20.1. Script or function?

Suppose you have some task, perhaps one requiring a handful of commands in order to complete. A script is a convenient way of packaging those commands together. Rather than typing the commands manually, you paste them into a script and PowerShell runs them in order whenever you run that script. Following best practices, you’d give that script a cmdlet-like name, such as Set-ServerConfiguration.ps1 or Get-ClientInventory.ps1. Think of a script as a “canned” PowerShell session. Instead of manually typing 10 or 100 commands, you put the same commands in a script and execute the script like a twenty-first-century batch file.
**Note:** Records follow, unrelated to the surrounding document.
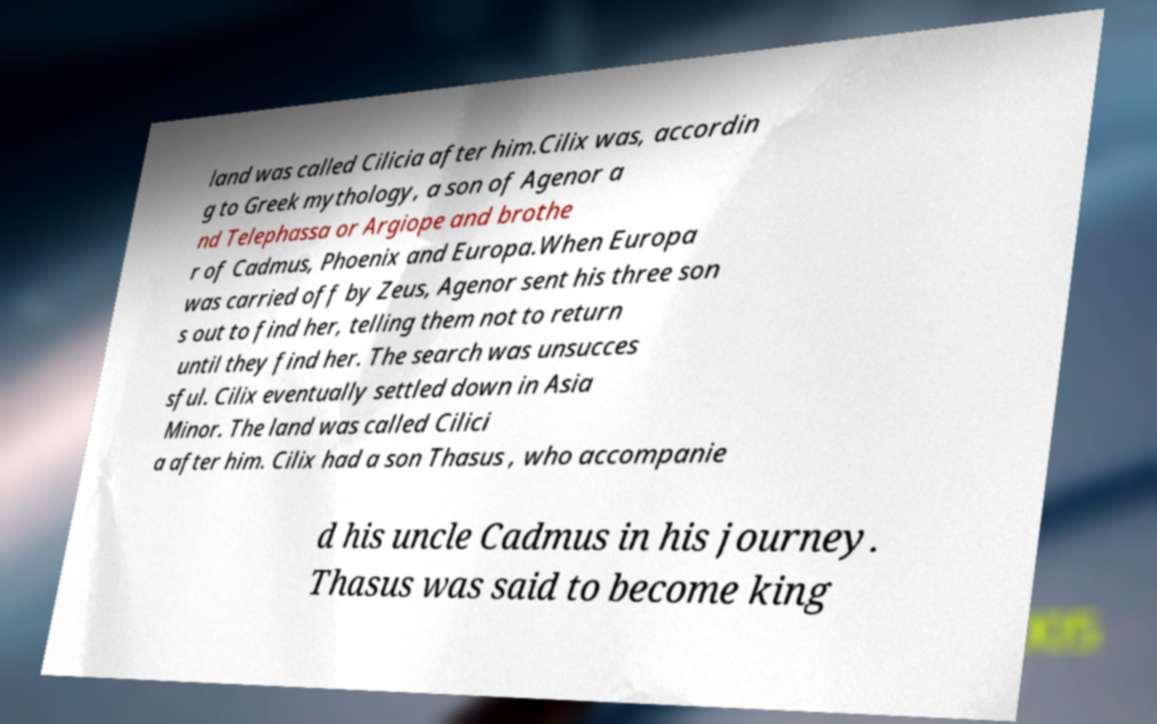There's text embedded in this image that I need extracted. Can you transcribe it verbatim? land was called Cilicia after him.Cilix was, accordin g to Greek mythology, a son of Agenor a nd Telephassa or Argiope and brothe r of Cadmus, Phoenix and Europa.When Europa was carried off by Zeus, Agenor sent his three son s out to find her, telling them not to return until they find her. The search was unsucces sful. Cilix eventually settled down in Asia Minor. The land was called Cilici a after him. Cilix had a son Thasus , who accompanie d his uncle Cadmus in his journey. Thasus was said to become king 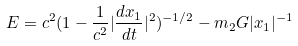<formula> <loc_0><loc_0><loc_500><loc_500>E = c ^ { 2 } ( 1 - \frac { 1 } { c ^ { 2 } } | \frac { d { x } _ { 1 } } { d t } | ^ { 2 } ) ^ { - 1 / 2 } - m _ { 2 } G | { x } _ { 1 } | ^ { - 1 }</formula> 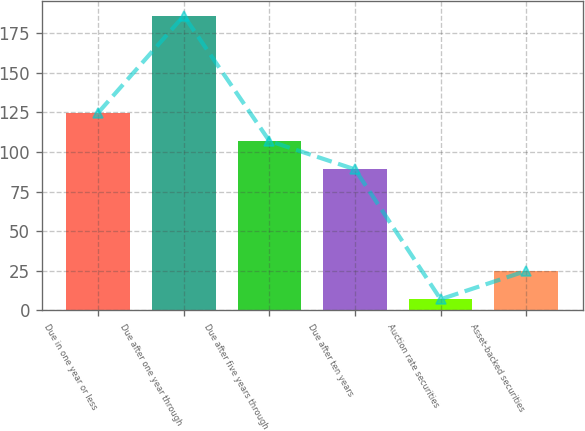Convert chart. <chart><loc_0><loc_0><loc_500><loc_500><bar_chart><fcel>Due in one year or less<fcel>Due after one year through<fcel>Due after five years through<fcel>Due after ten years<fcel>Auction rate securities<fcel>Asset-backed securities<nl><fcel>124.8<fcel>186<fcel>106.9<fcel>89<fcel>7<fcel>24.9<nl></chart> 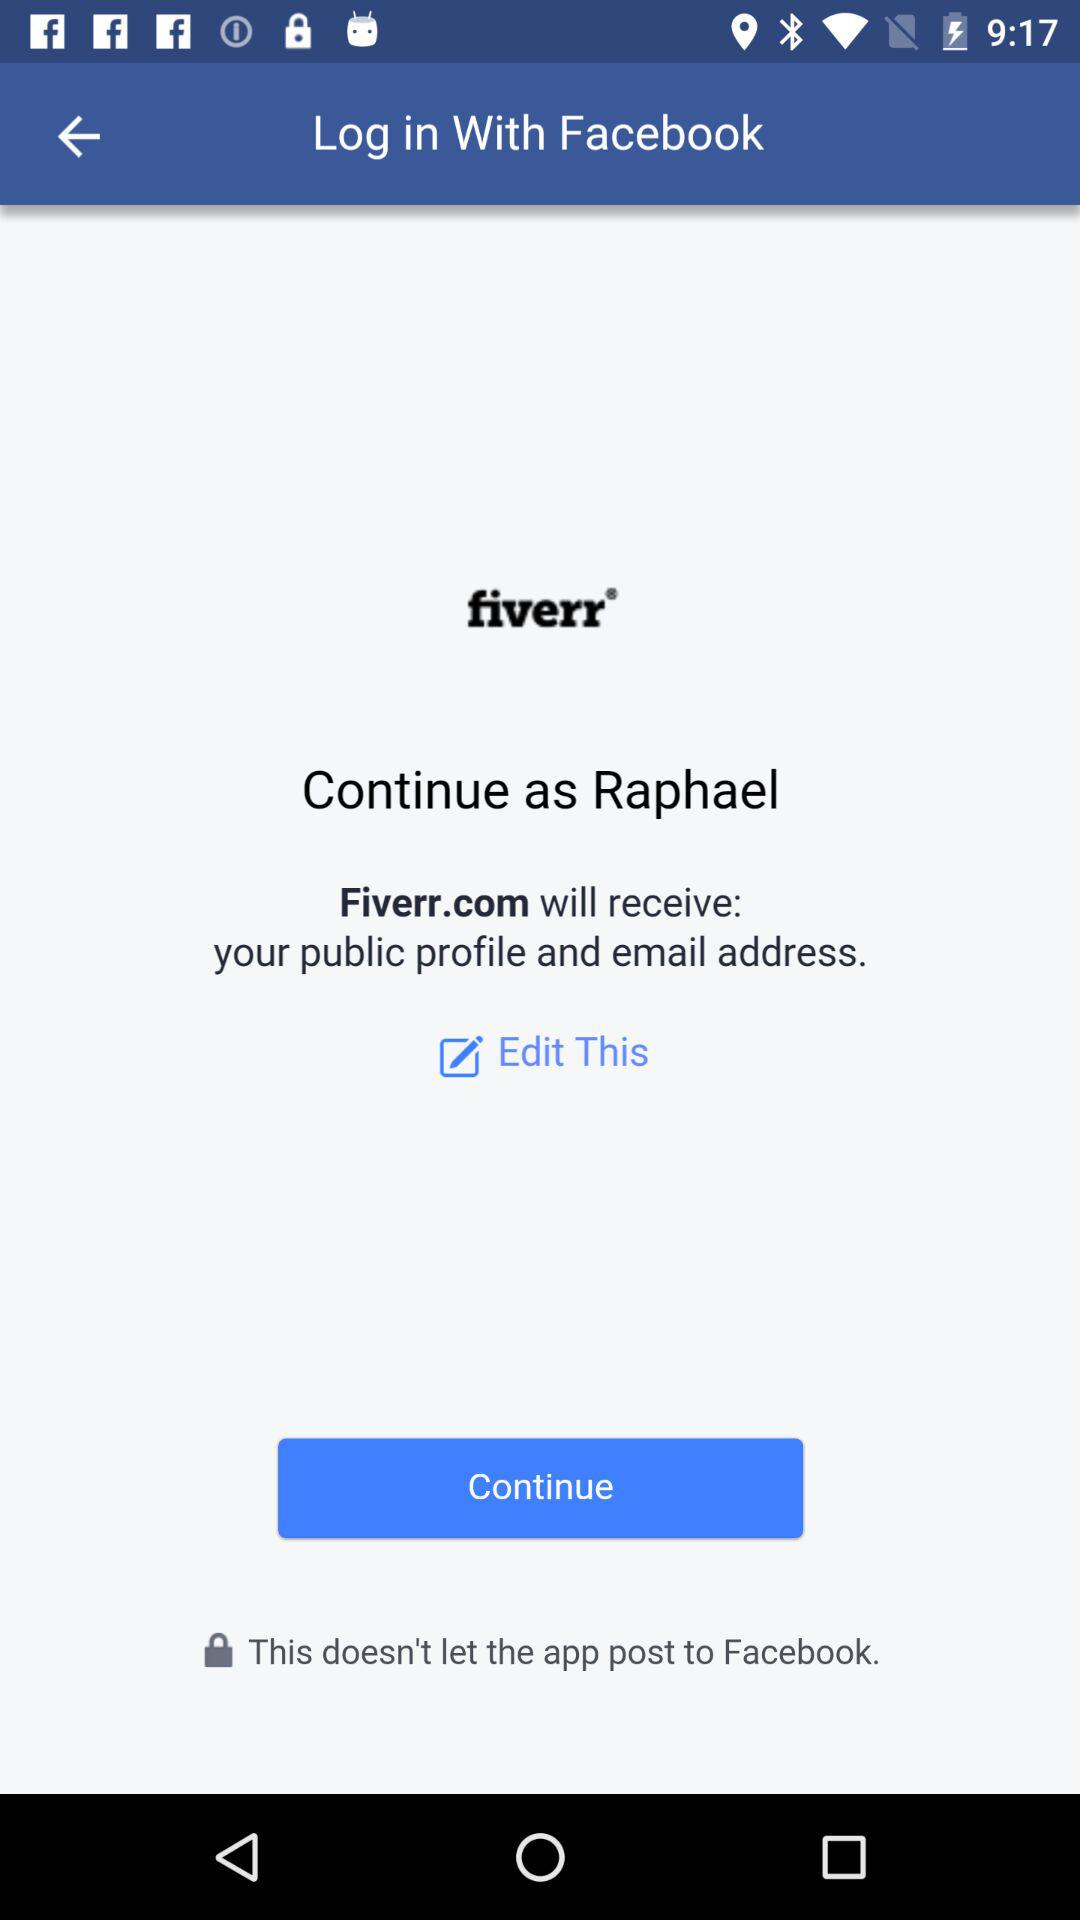What is the user name? The user name is Raphael.

There may come a time when you assemble a collection of such scripts, particularly scripts that contain commands that you want to use within other scripts. For example, you might write a script that checks to see whether a given server is online and responding—a task you might want to complete before trying to connect to the server to perform some management activity. Or you might write a script that saves information to a log file—you can certainly imagine how useful that could be in a wide variety of other scripts. When you reach that point, you’ll be ready to start turning your scripts into functions. A function is a wrapper around a set of commands, created in such a way that multiple functions can be listed within a single script file. That way, you can use all of your so-called utility functions more easily, simply by loading their script into memory first. Eventually, you’ll be creating modules that are autoloaded by PowerShell when you start a session; we’ll cover that in chapter 25.
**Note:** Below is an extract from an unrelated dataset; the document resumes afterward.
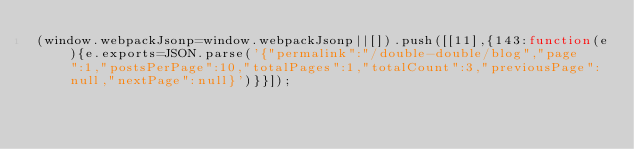<code> <loc_0><loc_0><loc_500><loc_500><_JavaScript_>(window.webpackJsonp=window.webpackJsonp||[]).push([[11],{143:function(e){e.exports=JSON.parse('{"permalink":"/double-double/blog","page":1,"postsPerPage":10,"totalPages":1,"totalCount":3,"previousPage":null,"nextPage":null}')}}]);</code> 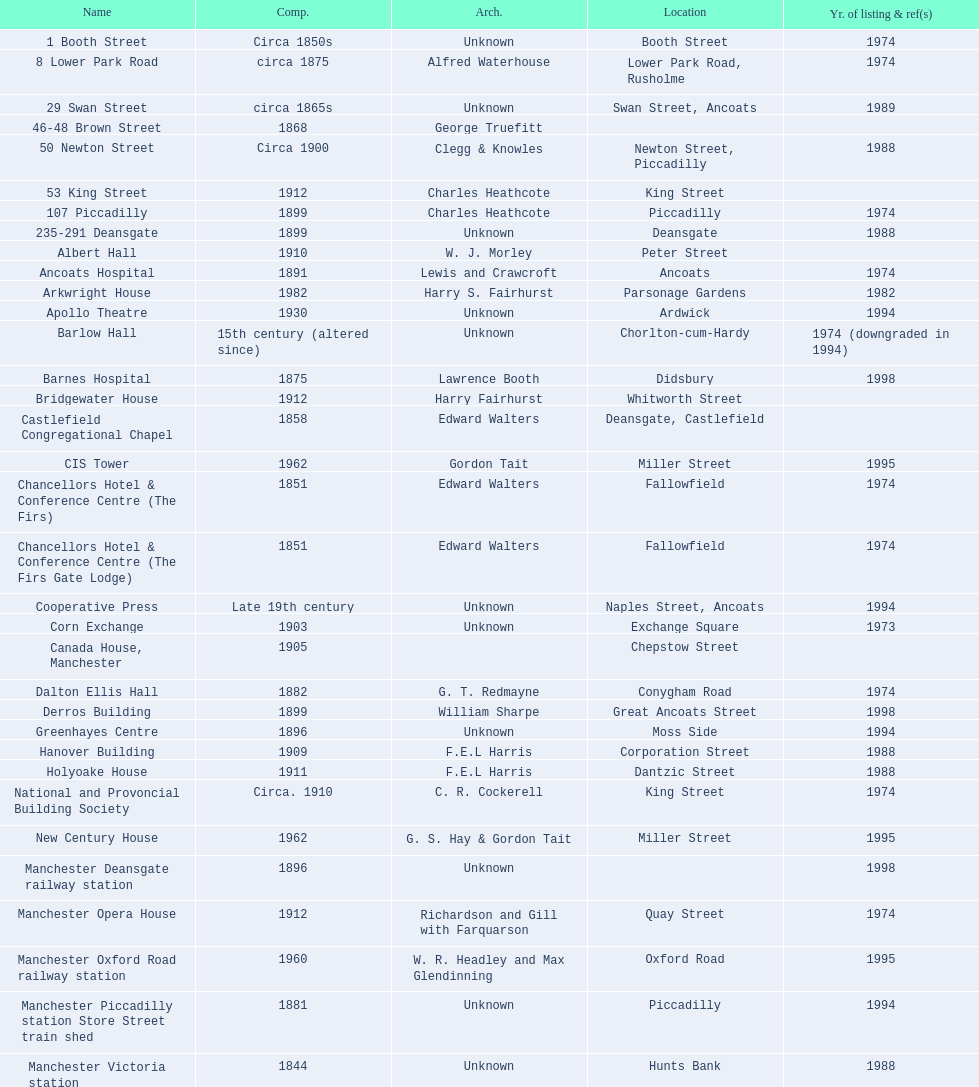Was charles heathcote the architect of ancoats hospital and apollo theatre? No.

In this chapter, we’re going to start by doing everything in a script first. At the end, we’ll show you how to take what you’ve done and turn your PowerShell commands into a function with just a couple of extra lines of code. We’ll also show you how to run the function once you’ve created it.

20.2. Execution lifecycle and scope

The first thing to remember about scripts is that they generally run with their own scope. We’ll discuss that in more detail in chapter 22, but for now you should understand that when you do certain things within a script, those things automatically disappear when the script is finished:

· Creating a new PSDrive

· Creating new variables or assigning values to variables (which implicitly creates the variables)

· Defining new aliases

· Defining functions (which we’ll get to toward the end of this chapter)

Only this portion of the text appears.